Introduction

The program is confined to symmetrical single-hull bodies with or without steady forward speed. The hull may be rigid, or it may be elastic performing vibrations.

SiS uses a panel method and solves the non-linear boundary condition of the free surface in the near field of the hull. The algorithm treats six degrees of freedom completely non-linearly.

The theory, the validation of the computational kernel of this module can be found in Söding [1, 2, 3, 4] and the following text is quoted from [1]:

”Accurate predictions of ship motions and loads in a steep seaway require to include contributions depending non-linearly on wave amplitude. CFD methods do that routinely, but they require very high computing effort. Previous potential methods neglect either all or at least some non-linear effects. SiS includes all substantial non-linear effects amenable to potential flow. Using approximations for effects of flow separation at the aft end of hull and rudder, an accuracy comparable to that of good model experiments and CFD calculations is attained. That is demonstrated for motions and loads in cross sections of a containership sailing in head and quartering waves of large amplitude.

A number of new ideas which were necessary to obtain a robust and accurate, fully non-linear procedure are described. In typical cases, the method may take only one or a few percent of the computing effort of a comparable CFD computation.”

Application and results

The application of SiS is primarily in simulations where any non-linear effects are of importance.

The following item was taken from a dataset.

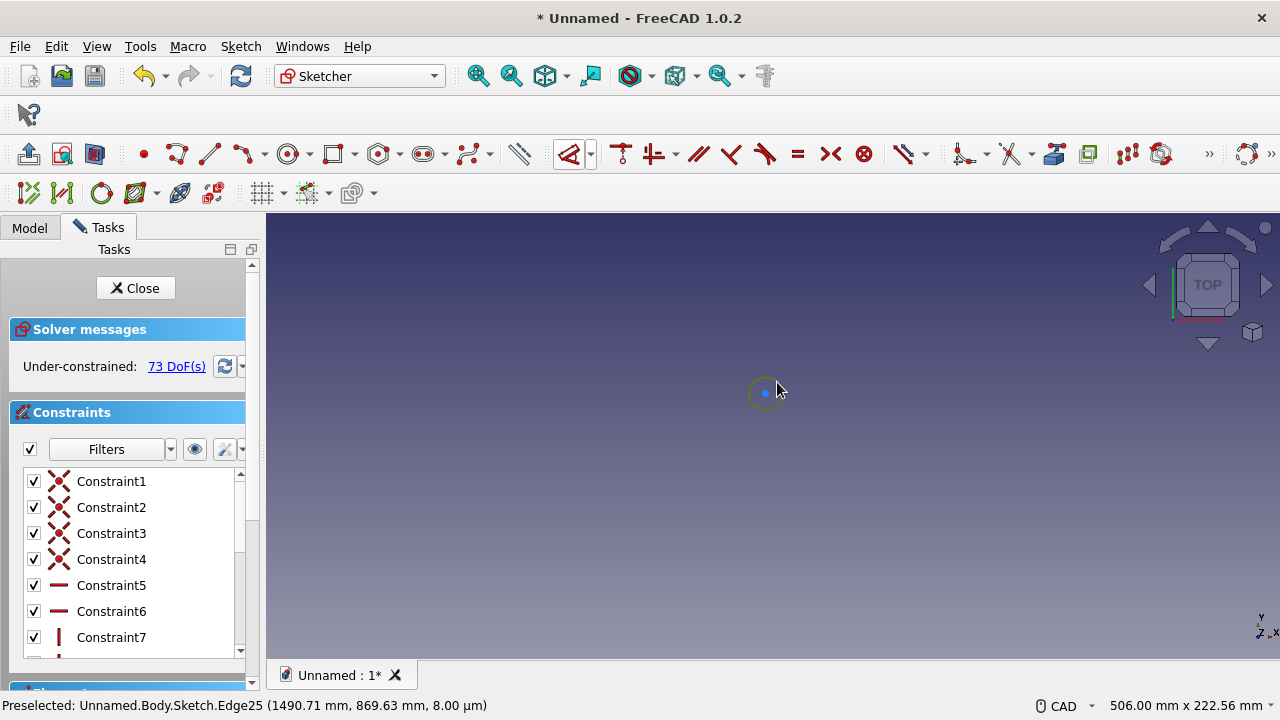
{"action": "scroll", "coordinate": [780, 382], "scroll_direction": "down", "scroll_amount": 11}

Results of SiS are mainly time series of ship motions in all degrees of freedom, in waves, long- or short-crested seaways. Additional possible outputs are motion displacements, velocities and accelerations in user-defined locations, pressure on the hull and animations of the flow and motion.

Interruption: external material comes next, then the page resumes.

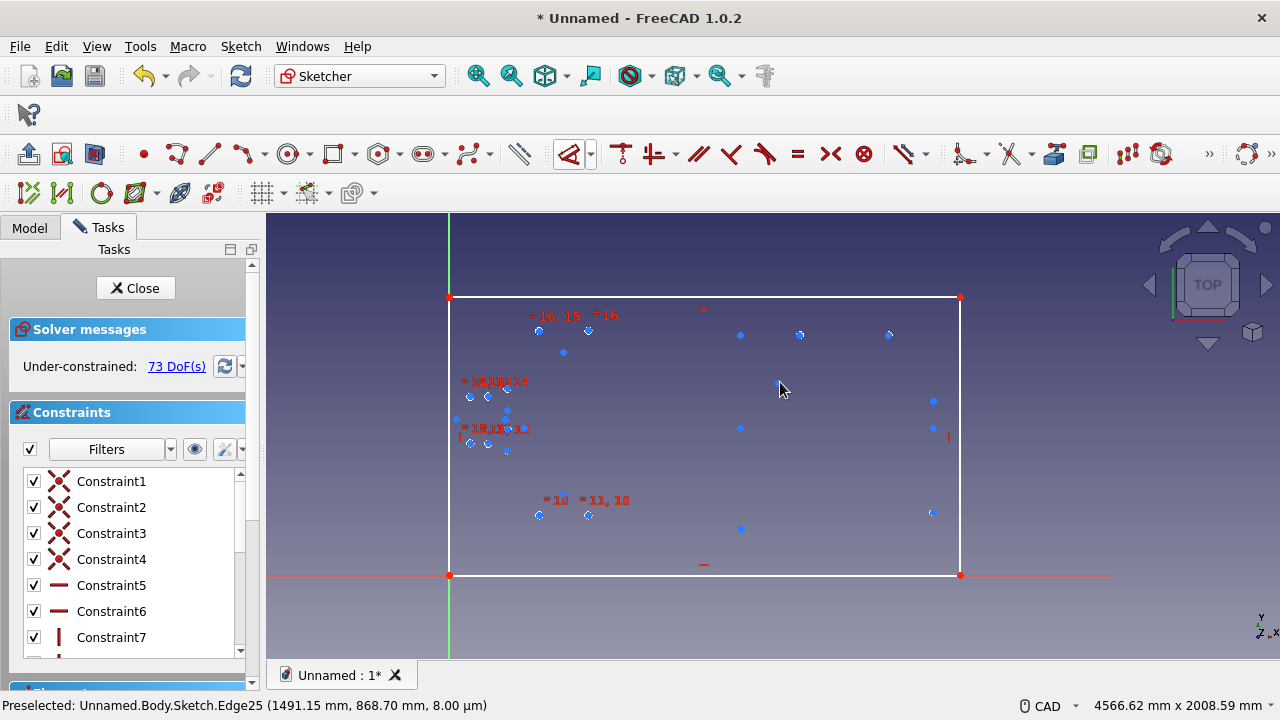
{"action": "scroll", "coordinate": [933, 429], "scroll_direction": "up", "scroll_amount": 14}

The figures 1 to 3 show some example of the results.

References

[1] Söding H.: Fast accurate seakeeping predictions; Ship Technology Research Schiffstechnik Vol. 67 3, 2020, pp. 121-135

[2] Söding H.: Program Sis – Ship in a Seaway, Version 1.2, 2022.

[3] Söding H.: Nonlinear seakeeping analysis of an elastic ship hull using potential methods; NuTTS 2021, Duisburg.

[4] el Moctar B.O., Schellin T.E., Söding H.: Numerical methods for seakeeping problems; Springer ISBN: 978-3-030-62560-3, 2021.